Watching Palestinian Authority President Mahmoud Abbas make his speech to the UN General Assembly, I suspect the same jolting thought passed through my head as it did for a lot of the viewers': "Isn't this guy meant to be the moderate?"
Coming so soon after the latest Hamas rocket-barrage against Israel, the almost physical need to hold onto that dead paradigm can still occasionally override most of the facts. On one side are the Palestinian rocket-launching squads about whom nothing apparently can be done. Then on the other side are the other Palestinians, led by moderates, who just want to sit down and negotiate if they could only find time out of their busy schedules.
Even those of us who know and follow the Palestinian Authority can find ourselves slipping into this narrative: These are the moderates and those are the extremists, and we have to choose between the two.
Except that then you get another golden opportunity to hear Mahmoud Abbas in full moderate flight mode, and you have to rethink it all over again.
When Abbas stood up to take the floor in front of the UN and the world last Thursday, he might have started with a concession. He might have started with a bid for peace or a reaching out to the Israelis. But no, he started once again, in time-honored fashion, with an attack on Israel. And the usual array of hilarious untruths and half-truths.
"Palestine comes today to the United Nations General Assembly…"
Not even a full sentence in and already the "Wrong" buzzer sounds. "Palestine" comes today? Which Palestine? Gaza? West Bank? "Palestine" is not a single entity. It is hopelessly divided. It makes the average boxing tournament look like a meeting of minds.
After all – and as he must surely know – Abbas himself has not even been to the Gaza since 2007. And not because the wicked Zionists have stopped him from doing so, but because his Palestinian brothers in Hamas have such a bad track record for shooting and hurling from high buildings most of Mr. Abbas's erstwhile Fatah colleagues in Gaza, as during the 2007 Hamas coup.

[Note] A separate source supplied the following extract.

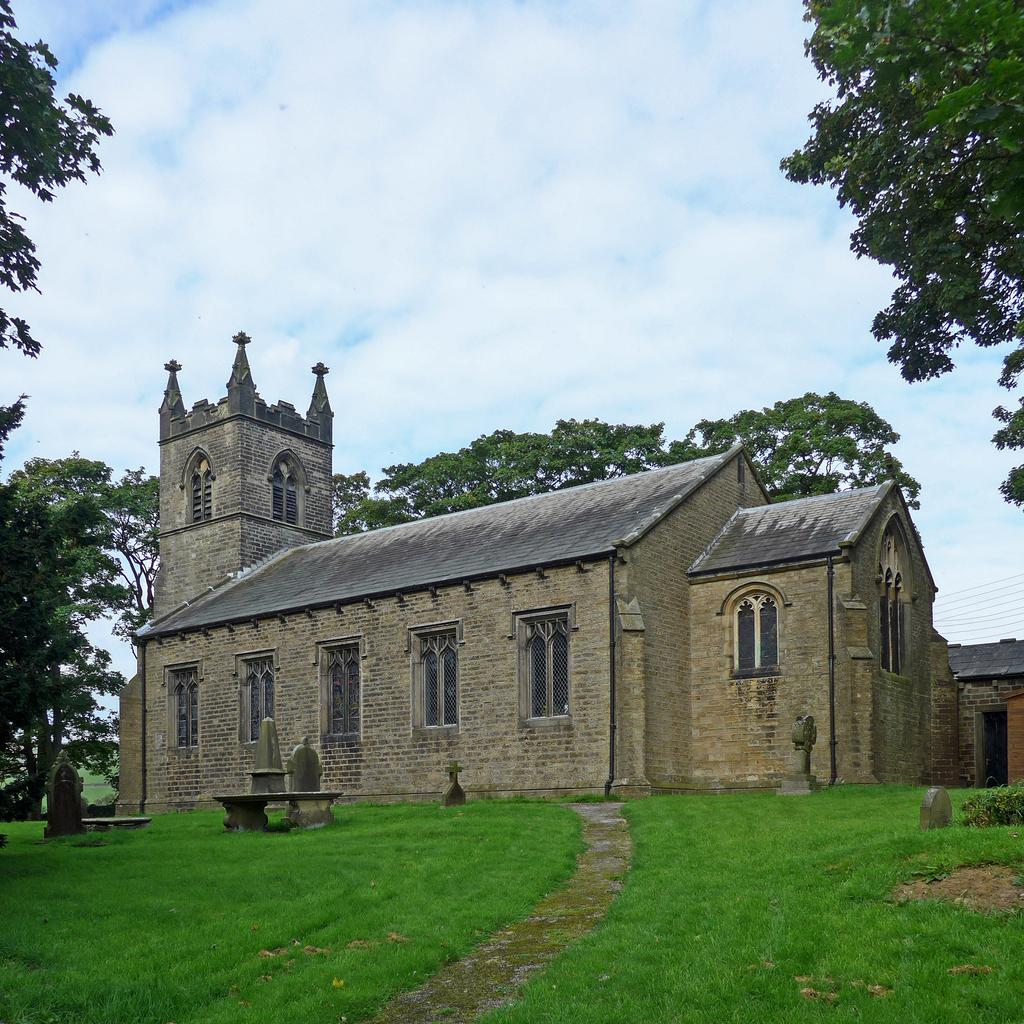What type of structure is present in the image? There is a building in the image. What type of vegetation can be seen in the image? There is grass in the image. What can be seen in the background of the image? There are trees in the background of the image. What is visible in the sky in the image? The sky is visible in the image. What objects are in front of the building? There are some objects in front of the building. What type of gun is being used by the potato in the image? There is no gun or potato present in the image.

But, undeterred by such trivialities, Abbas continued:
"…at a time when it is still tending to its wounds and still burying its beloved martyrs."
The what? Martyrs? Oh well, perhaps it's just a stylistic thing…
"…of children, women and men who have fallen victim to the latest Israeli aggression, still searching for remnants of life amid the ruins of homes destroyed by Israeli bombs on the Gaza Strip, wiping out entire families, their men, women and children murdered along with their dreams, their hopes, their future and their longing to live an ordinary life and to live in freedom and peace."
Israeli aggression? Wiping out?
The question all of this begged for me, as I'm sure it did for plenty of others, was this: Does this sound like the opening number of somebody eager to engage in a peace process? Or the audition of a man who is hoping that he can take back extremism from the extremists?
Mahmoud Abbas spent his speech claiming that this was the last chance for the peace process. In reality, it was simply the last chance for Mahmoud Abbas to remain in charge. In recent weeks he has been phoning around the foreign ministries of Europe explaining that if they don't back him this time in the non-state statehood bid, then it is all over and all we have to deal with is Hamas.
This is, of course, the classic thug extortion trick. They come to your door and tell you that you have to hand over the money. Not because they are going to do anything so bad if you don't, but because their friend here is really, really mad, and they're only just managing to hold him back.
On Thursday the UN General Assembly, with only a few brave souls holding out, finally gave in to this man's gangsterism. Many of them did so in order – they thought – to avoid the rocket-firing terrorism of Hamas. So they ended up by backing the diplomatic terrorism of Mahmoud Abbas.
What he does with his new-found power we can already guess. He will use it – as he used his time on the UN stage – not to further the peace process, but to retard it, principally by demonizing the only negotiating partner that he, or any other Palestinian leader, will ever have.
After the UN vote there were fireworks in the West Bank. Indeed more fireworks than at any time in November since Hamas managed to land a couple of rockets in Jerusalem. Between those two events lies the true horror of the situation the world has just attempted to parcel Israel up into. The Palestinians have tried a one-two punch. The world has just fallen for it. Whether it now manages to force Israel to fall for it too, we shall have to see.